Silence

Homélie du 6e dimanche du temps ordinaire

Ne dis rien à personneneige01

L’ordre du Christ est étonnant. Pourquoi ne pas laisser le lépreux annoncer sa guérison ? Jusque-là, ainsi que le prescrit la loi et pour éviter la contagion, le lépreux devait au contraire crier partout où il se rendait : « Impur ! Impur ! » Le lépreux est l’homme qui proclame en tous lieux son opprobre. Il est donc assuré de ne jamais pouvoir entrer en relation avec les autres. Désormais guéri, il pourrait faire profession de miraculé en annonçant à tous le miracle, il pourrait enfin passer de la honte à la gloire. Voilà exactement ce que Jésus veut lui éviter, car ce serait substituer un isolement à un autre comme nous allons le voir.

Le miraculé ne respectant pas l’ordre du Christ, la célébrité s’attache non seulement à lui mais aussi au Seigneur qui se trouve obligé de fuir « dans les endroits déserts ». Paradoxalement, ce que fuit là le Christ, c’est la solitude. C’est aussi la solitude qu’il voulait épargner au malade en le guérissant. Le « va te montrer au prêtre » signifie : sois réconcilié avec les hommes, retrouve ta place dans le peuple. Jésus ajoute : « ne dis rien à personne » afin que le lépreux puisse retrouver une relation véritable avec les autres.

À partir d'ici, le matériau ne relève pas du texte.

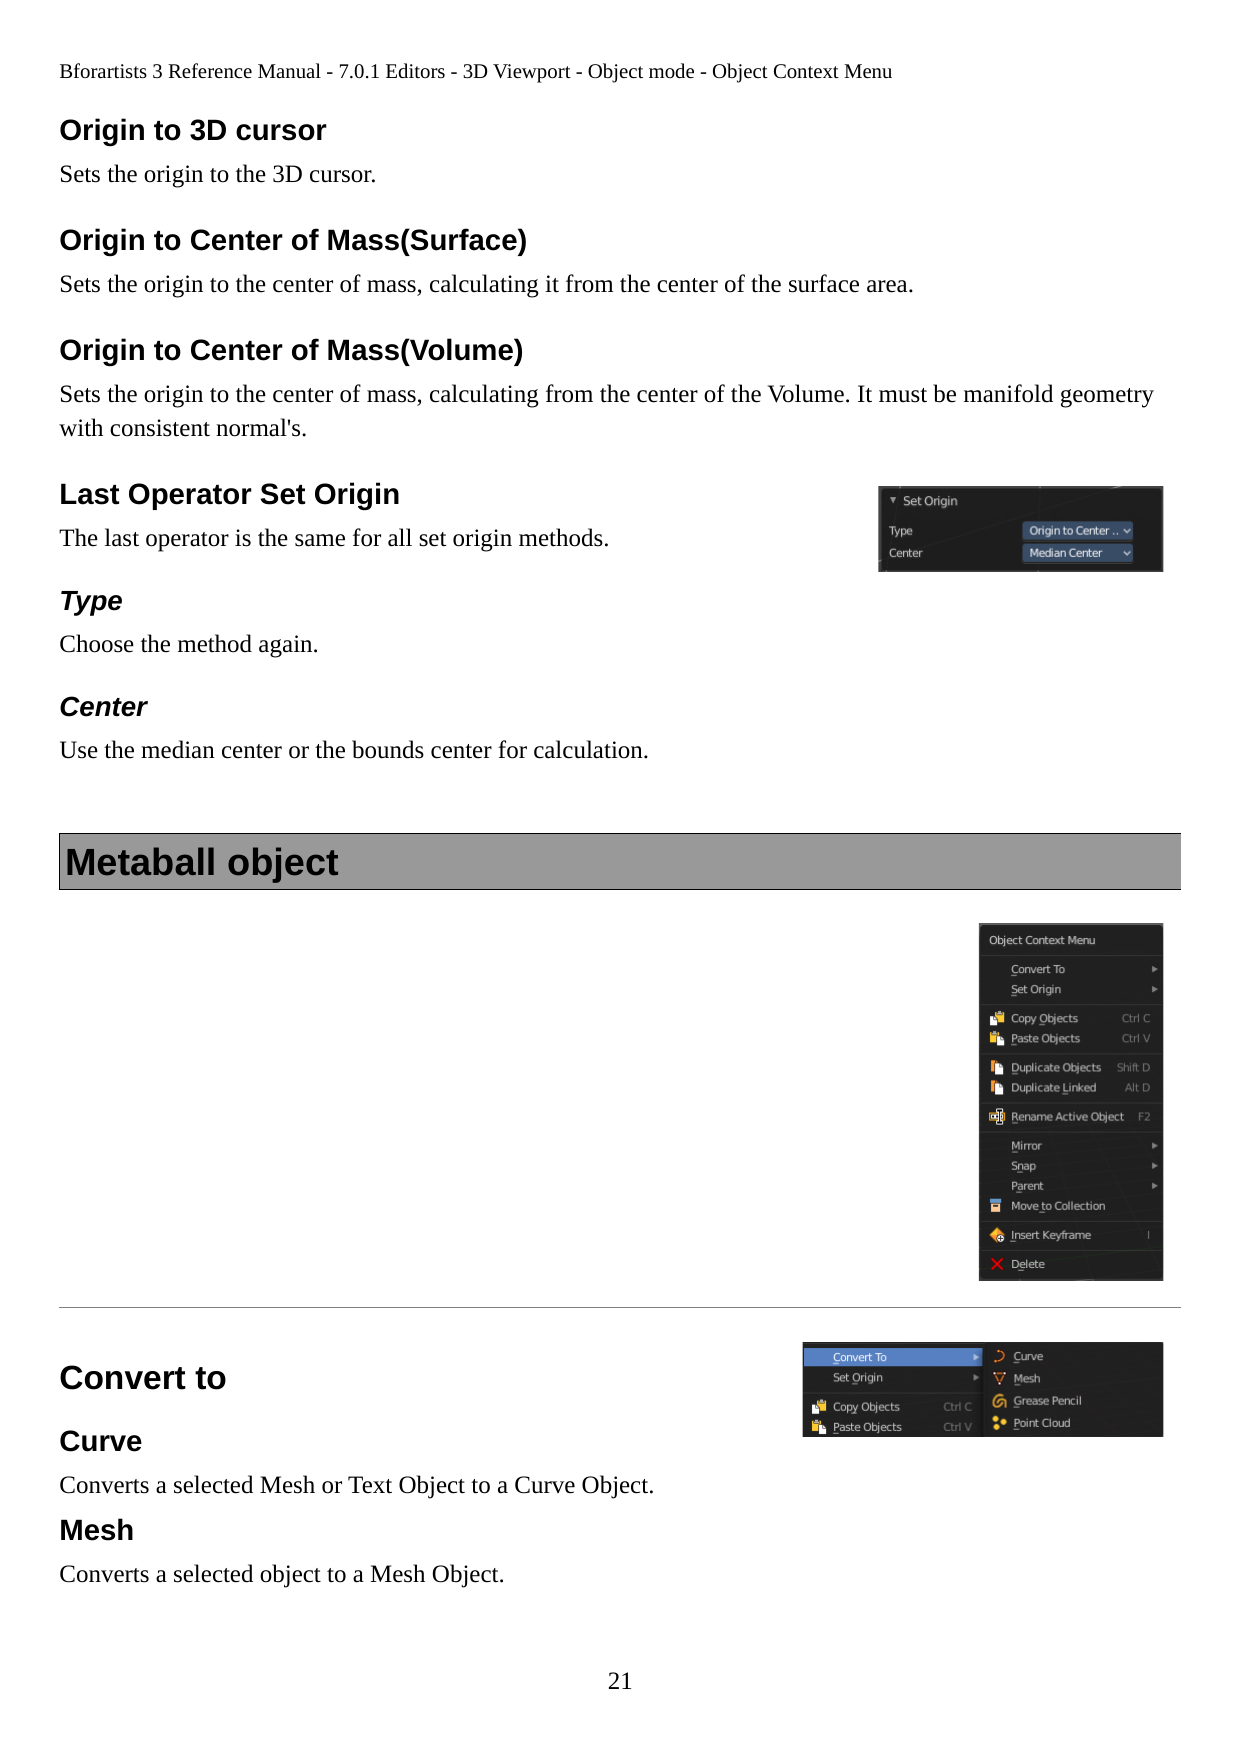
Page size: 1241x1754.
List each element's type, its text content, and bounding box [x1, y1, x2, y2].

text Sets the origin to the center of mass, calculating it from the center of the surface area. [59, 269, 1181, 297]
subtitle Origin to Center of Mass(Volume) [59, 332, 1181, 366]
text Converts a selected Mesh or Text Object to a Curve Object. [59, 1470, 1181, 1498]
picture [878, 486, 1164, 572]
subtitle Mesh [59, 1513, 1181, 1547]
picture [978, 923, 1164, 1281]
subtitle Type [59, 584, 1181, 616]
subtitle Convert to [59, 1358, 802, 1396]
subtitle Origin to Center of Mass(Surface) [59, 222, 1181, 256]
text Sets the origin to the 3D cursor. [59, 159, 1181, 188]
text Choose the method again. [59, 629, 1181, 658]
subtitle Last Operator Set Origin [59, 477, 1181, 511]
subtitle Origin to 3D cursor [59, 113, 1181, 146]
subtitle Curve [59, 1423, 1181, 1457]
text Converts a selected object to a Mesh Object. [59, 1559, 1181, 1588]
picture [802, 1342, 1164, 1437]
subtitle Center [59, 691, 1181, 722]
subtitle [1164, 1358, 1181, 1396]
text Sets the origin to the center of mass, calculating from the center of the Volume. It must be manifold geometry with consistent normal's. [59, 379, 1181, 442]
table_header Metaball object [60, 834, 1181, 889]
text Use the median center or the bounds center for calculation. [59, 735, 1181, 764]
text The last operator is the same for all set origin methods. [59, 523, 878, 552]
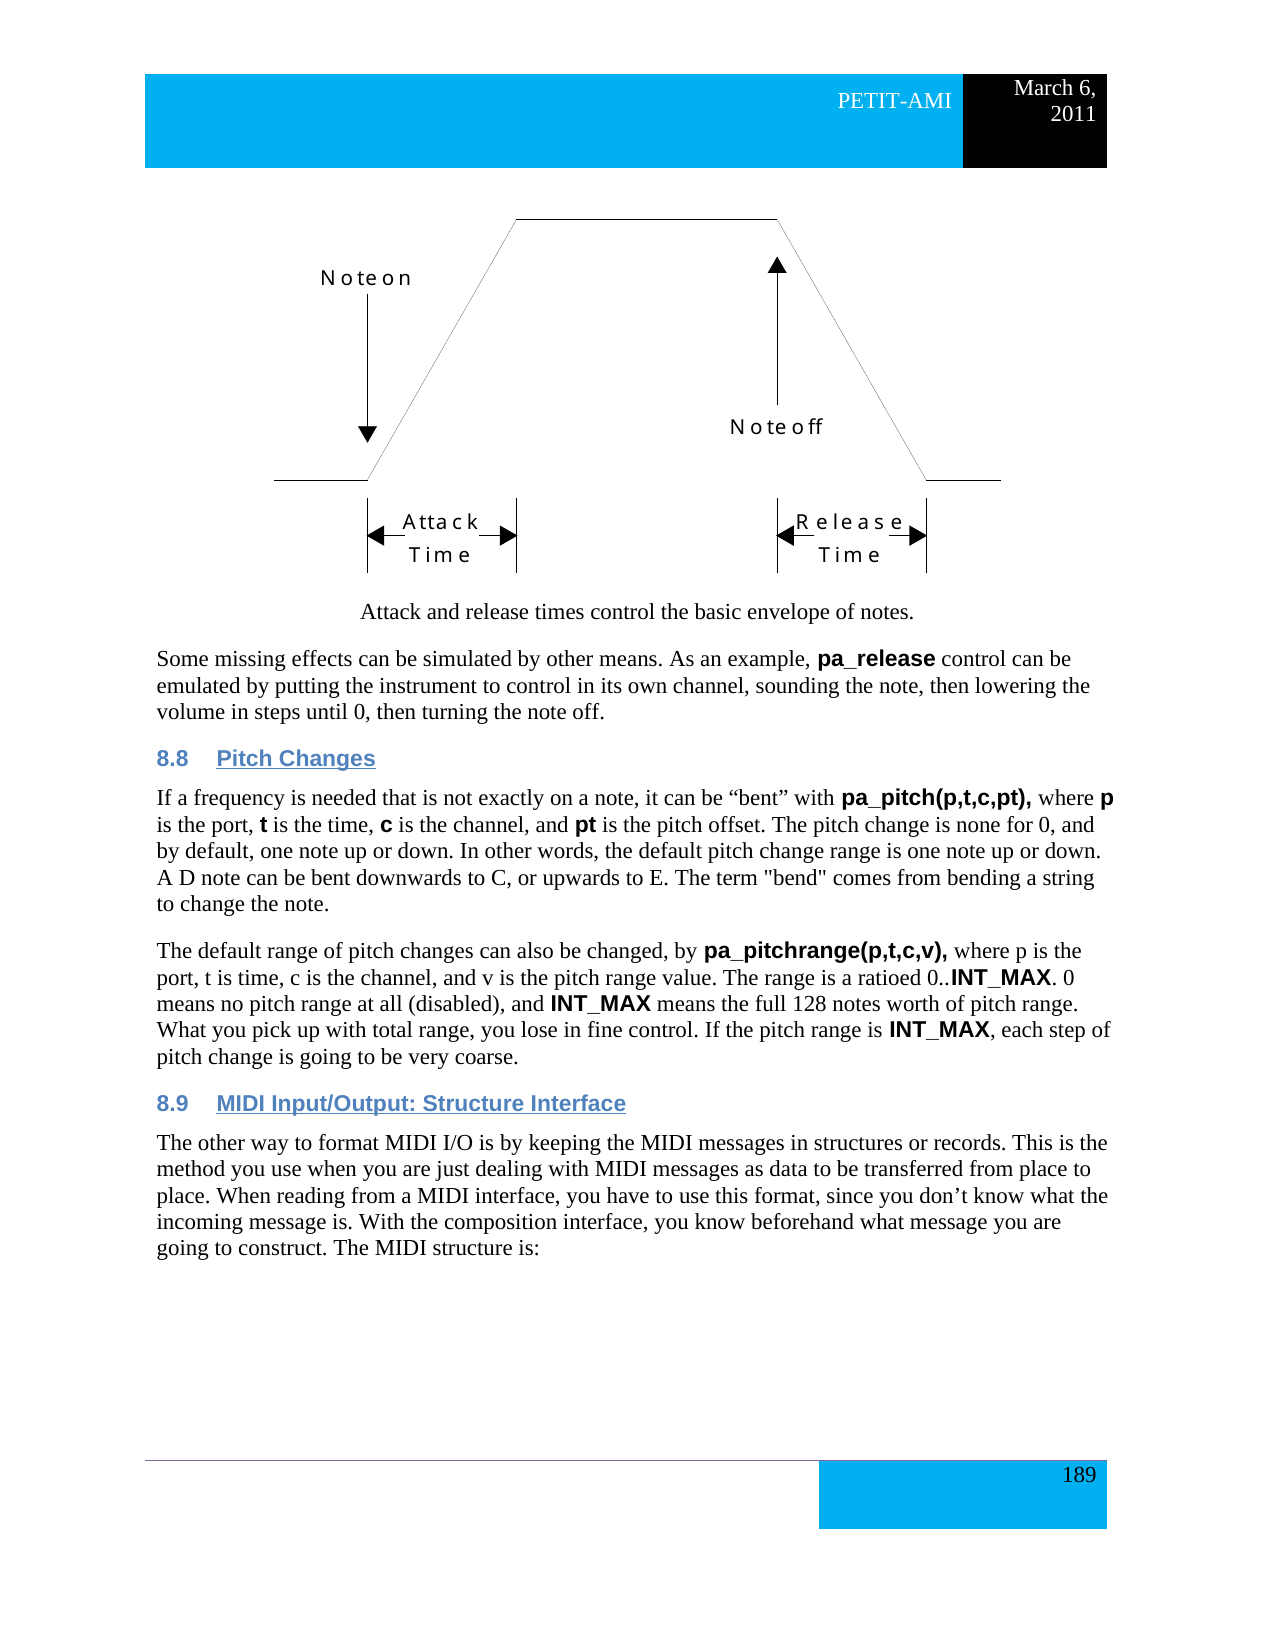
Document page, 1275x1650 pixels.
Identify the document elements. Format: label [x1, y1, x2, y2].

subtitle [156, 745, 1118, 772]
text [156, 1129, 1118, 1261]
subtitle [377, 1101, 382, 1109]
text [156, 598, 1118, 724]
text [156, 784, 1118, 1069]
subtitle [296, 1101, 301, 1109]
subtitle [156, 1090, 1118, 1116]
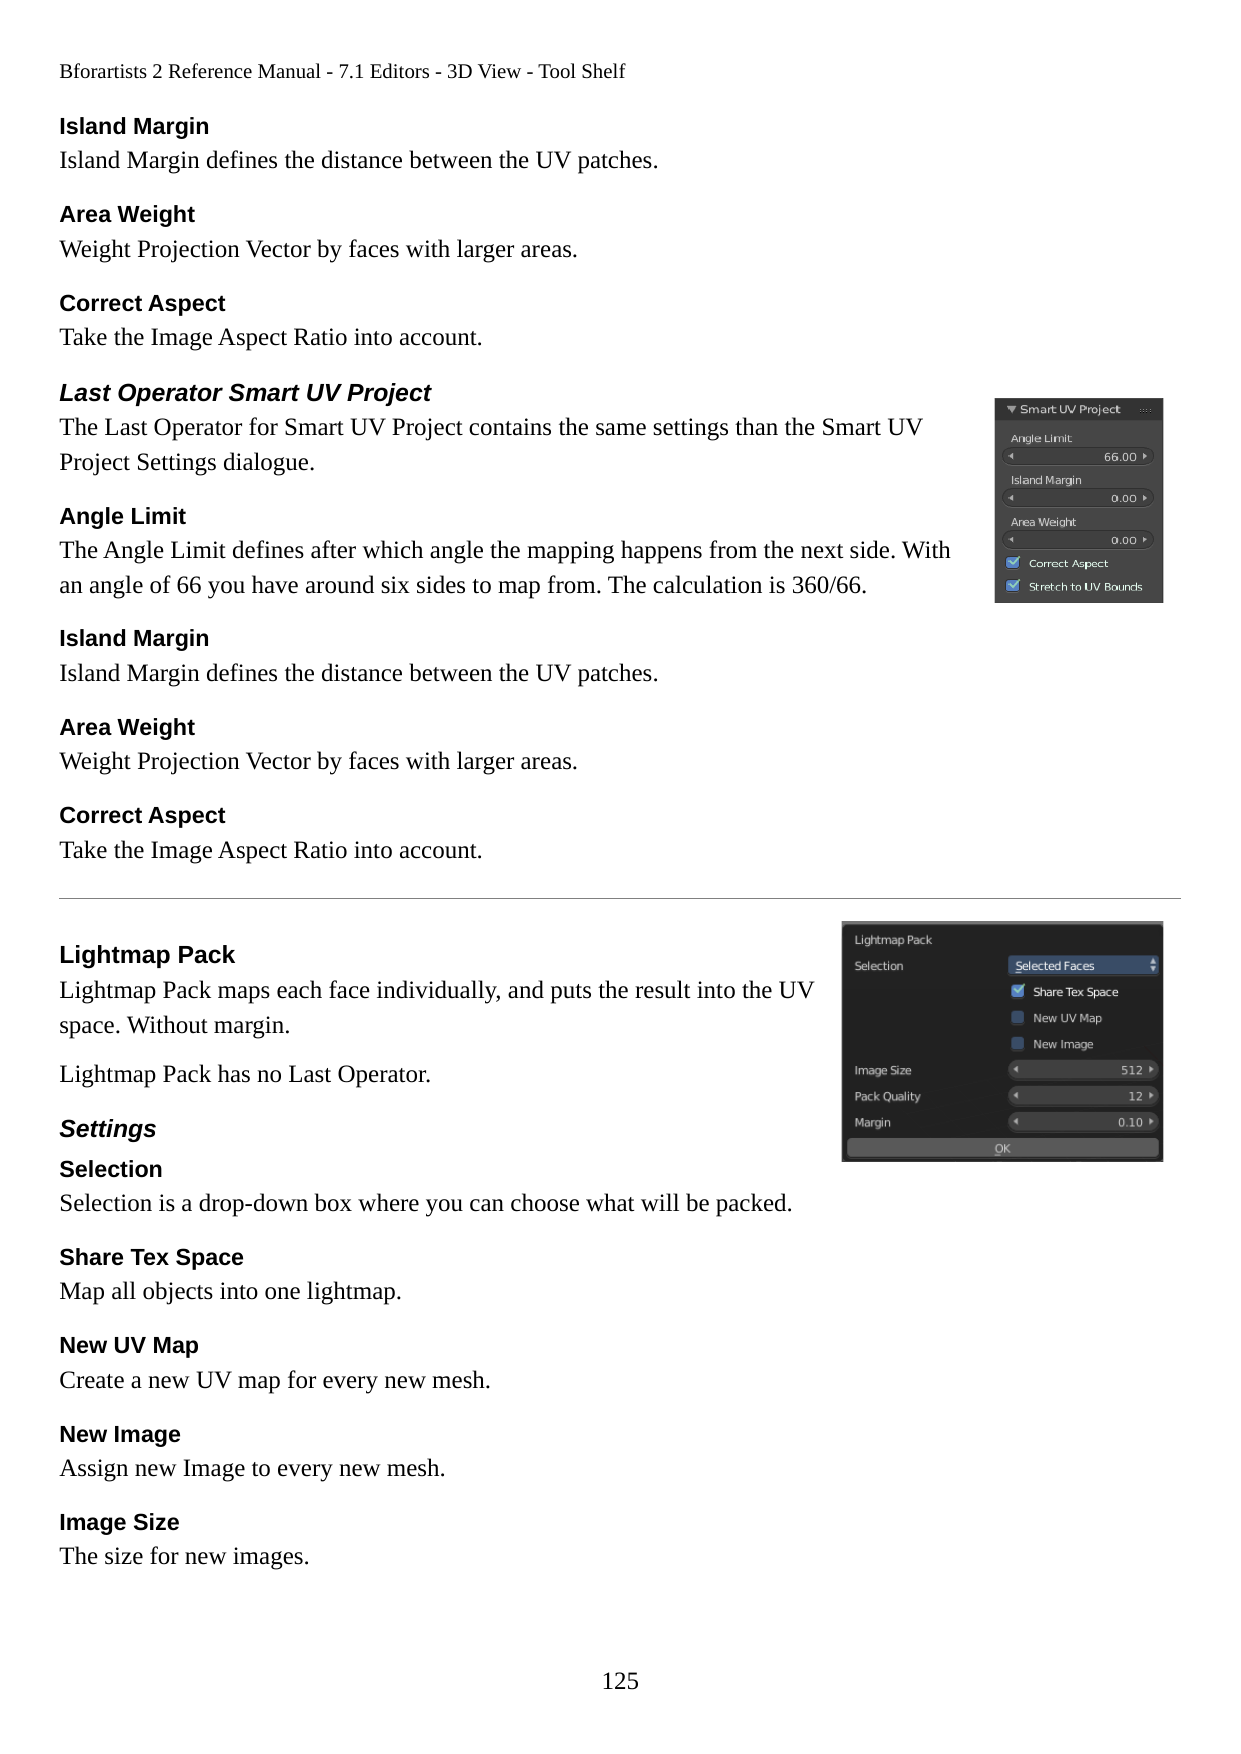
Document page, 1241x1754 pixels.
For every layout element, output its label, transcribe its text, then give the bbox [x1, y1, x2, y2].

subtitle Last Operator Smart UV Project [59, 378, 1181, 406]
subtitle Image Size [59, 1508, 1181, 1535]
text Create a new UV map for every new mesh. [59, 1365, 1181, 1393]
subtitle Settings [59, 1114, 841, 1143]
subtitle Correct Aspect [59, 802, 1181, 828]
subtitle Correct Aspect [59, 289, 1181, 316]
subtitle Area Weight [59, 713, 1181, 740]
text Lightmap Pack maps each face individually, and puts the result into the UV space. Without margin. [59, 975, 841, 1038]
text Selection is a drop-down box where you can choose what will be packed. [59, 1188, 1181, 1217]
text The Last Operator for Smart UV Project contains the same settings than the Smart UV Project Settings dialogue. [59, 412, 994, 476]
text Take the Image Aspect Ratio into account. [59, 835, 1181, 863]
subtitle Area Weight [59, 201, 1181, 228]
subtitle Share Tex Space [59, 1243, 1181, 1270]
text Island Margin defines the distance between the UV patches. [59, 146, 1181, 174]
subtitle Selection [59, 1155, 1181, 1182]
subtitle [1164, 940, 1181, 969]
text The Angle Limit defines after which angle the mapping happens from the next side. With an angle of 66 you have around six sides to map from. The calculation is 360/66. [59, 535, 994, 598]
subtitle Island Margin [59, 113, 1181, 139]
picture [841, 921, 1164, 1162]
text Island Margin defines the distance between the UV patches. [59, 658, 1181, 687]
text Weight Projection Vector by faces with larger areas. [59, 746, 1181, 775]
text Assign new Image to every new mesh. [59, 1453, 1181, 1482]
subtitle Lightmap Pack [59, 940, 841, 969]
subtitle [1164, 502, 1181, 529]
text Weight Projection Vector by faces with larger areas. [59, 234, 1181, 263]
picture [994, 398, 1164, 603]
subtitle Island Margin [59, 625, 1181, 652]
subtitle Angle Limit [59, 502, 994, 529]
text Take the Image Aspect Ratio into account. [59, 322, 1181, 351]
subtitle New UV Map [59, 1332, 1181, 1358]
subtitle [1164, 1114, 1181, 1143]
text Map all objects into one lightmap. [59, 1276, 1181, 1305]
subtitle New Image [59, 1420, 1181, 1447]
text The size for new images. [59, 1541, 1181, 1570]
text Lightmap Pack has no Last Operator. [59, 1059, 841, 1087]

En effet, le Christ sait que la renommée est une autre solitude : elle empêche de rencontrer les autres en vérité car elle précède celui qui est célèbre en tout lieu, si bien qu’on ne viendra pas à lui pour ce qu’il est mais par curiosité, pour voir le prodige. La réputation, qu’elle soit bonne ou mauvaise, n’est pas l’alliée de la relation ; d’ailleurs, nous n’avons pas de réputation auprès de nos amis, ils nous connaissent par-delà la notoriété. Être libéré de la solitude, c’est être en relation avec des personnes pour lesquelles le prestige ou l’opprobre ne comptent pas.

Si le lépreux avait écouté, il aurait donc entendu Jésus l’inviter à faire connaître sa guérison d’une manière qui lui aurait permis d’entrer dans ce type de relations et d’être vraiment libéré de sa solitude. En effet, Jésus ajoute : « donne pour ta purification ce que Moïse a prescrit dans la loi : ce sera pour les gens un témoignage ». L’ordre semble contradictoire avec le premier. Ne rien dire à personne et pourtant témoigner ? C’est que le témoin ne parle pas de lui-même, il proclame les merveilles d’un autre. Le lépreux guéri était invité à reconnaître que sa guérison venait de Dieu et à faire entrer par son témoignage les autres dans la même action de grâce. Le parcours que lui propose Jésus est comme court-circuité par l’annonce qu’il en fait, il se fait connaître et fait connaître Jésus mais sans s’être reconnu comme sauvé par Dieu. Il empêche donc le miracle de porter son fruit ; en n’allant pas au bout, en ne reconnaissant pas que le don vient de Dieu, il en fait une vanité et ne peut être véritablement réconcilié avec les hommes.

Il s’interdit ainsi de devenir témoin car la parole du témoin éclot dans le silence de la prière. Là, nous apprenons ce que nous devons à notre Créateur et Sauveur ; là, nous en recevons davantage encore ; là, le Seigneur emplit de lui notre misère ; de là peut naître un témoignage qui porte du fruit. Nous pouvons faire tout le bruit possible autour de nous, ce ne sera que de la vase agitée, des feuilles mortes dans le vent qui finiront par retomber ; passés au feu de la prière, ce que nous proclamerons des bienfaits de Dieu, portera dans notre cœur et celui des autres un fruit d’éternité. Amen.